O David responde: “Por que você deve mudar?”
O Omar responde: “ Por que você deve confiar em mim para governar?”
Essa diferença pode ser decisiva na campanha. Afinal, eleição não é apenas uma disputa de propostas, também é uma disputa de confiança.
A BATALHA PELO INTERIOR FICOU MAIS CLARA
A convenção di Omar trouxe um elemento que o David terá de enfrentar: a presença de prefeitos e lideranças municipais ao lado do senador reforça a percepção de que o grupo conseguiu montar uma rede política ampla.
Isso não significa, evidentemente, que prefeito transfira automaticamente voto. Não transfere, mas prefeito ajuda a organizar campanha, mobilizar lideranças, abrir portas e construir palanques.
Isso, numa eleição estadual, pesa. E pesa muito!
O Omar já vinha trabalhando nessa direção desde a pré-campanha, com reuniões e articulações envolvendo lideranças da capital e do interior.
Agora, a convenção colocou essa estratégia em grande visibilidade.
O David, por sua vez, terá de mostrar que a força política construída em Manaus consegue atravessar o rio Negro e chegar aos municípios.
É aí que a eleição pode começar a se decidir.
A DISPUTA AGORA É ENTRE DOIS DISCURSOS
Se olharmos os discursos das duas convenções, fica evidente que o Omar e o David estão tentando construir narrativas diferentes.
O David quer falar de futuro, o Omar quer falar de capacidade política.

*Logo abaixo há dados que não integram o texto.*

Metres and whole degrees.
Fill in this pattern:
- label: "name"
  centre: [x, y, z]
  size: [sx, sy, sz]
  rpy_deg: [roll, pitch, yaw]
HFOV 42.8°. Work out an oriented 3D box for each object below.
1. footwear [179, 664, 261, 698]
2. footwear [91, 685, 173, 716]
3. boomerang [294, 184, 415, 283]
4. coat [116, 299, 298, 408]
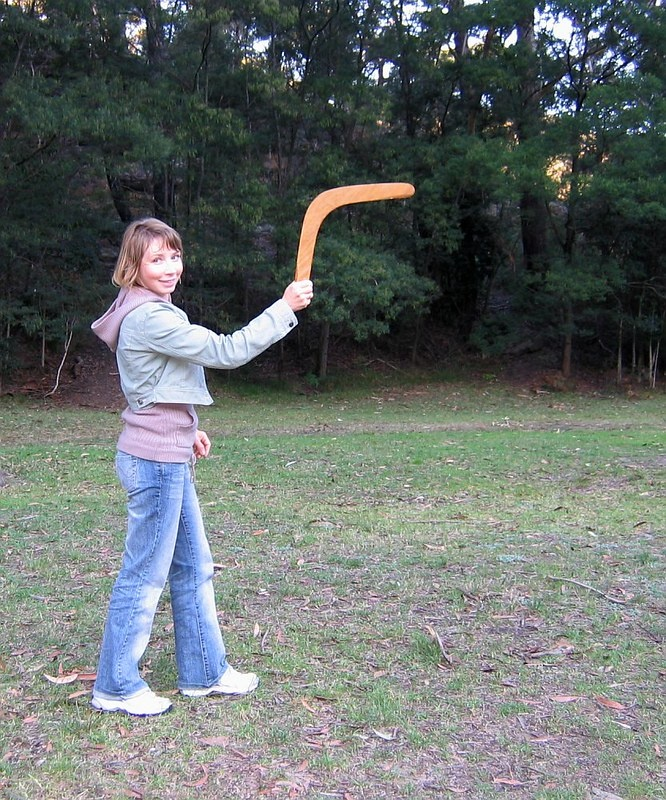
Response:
- label: "footwear"
  centre: [-0.519, 1.312, 3.938]
  size: [0.333, 0.131, 0.131]
  rpy_deg: [4, -20, -15]
- label: "footwear"
  centre: [-0.876, 1.304, 3.655]
  size: [0.297, 0.112, 0.131]
  rpy_deg: [0, 3, -4]
- label: "boomerang"
  centre: [0.110, -0.765, 3.767]
  size: [0.492, 0.465, 0.793]
  rpy_deg: [-2, 7, 6]
- label: "coat"
  centre: [-0.523, -0.198, 3.503]
  size: [0.668, 0.380, 0.474]
  rpy_deg: [-6, 4, -9]

O David quer falar de mudança, o Omar quer falar de experiência.
O David mira a gestão atual, o Omar procura se colocar acima da briga direta com os adversários e apresentar uma frente política mais ampla.
Existe, porém, uma questão que os dois terão de enfrentar: nenhum dos dois poderá passar a campanha inteira falando apenas do adversário.
O eleitor vai querer saber o que cada um pretende fazer com a saúde, segurança, educação, infraestrutura e economia do Amazonas, e, principalmente, como pretende fazer.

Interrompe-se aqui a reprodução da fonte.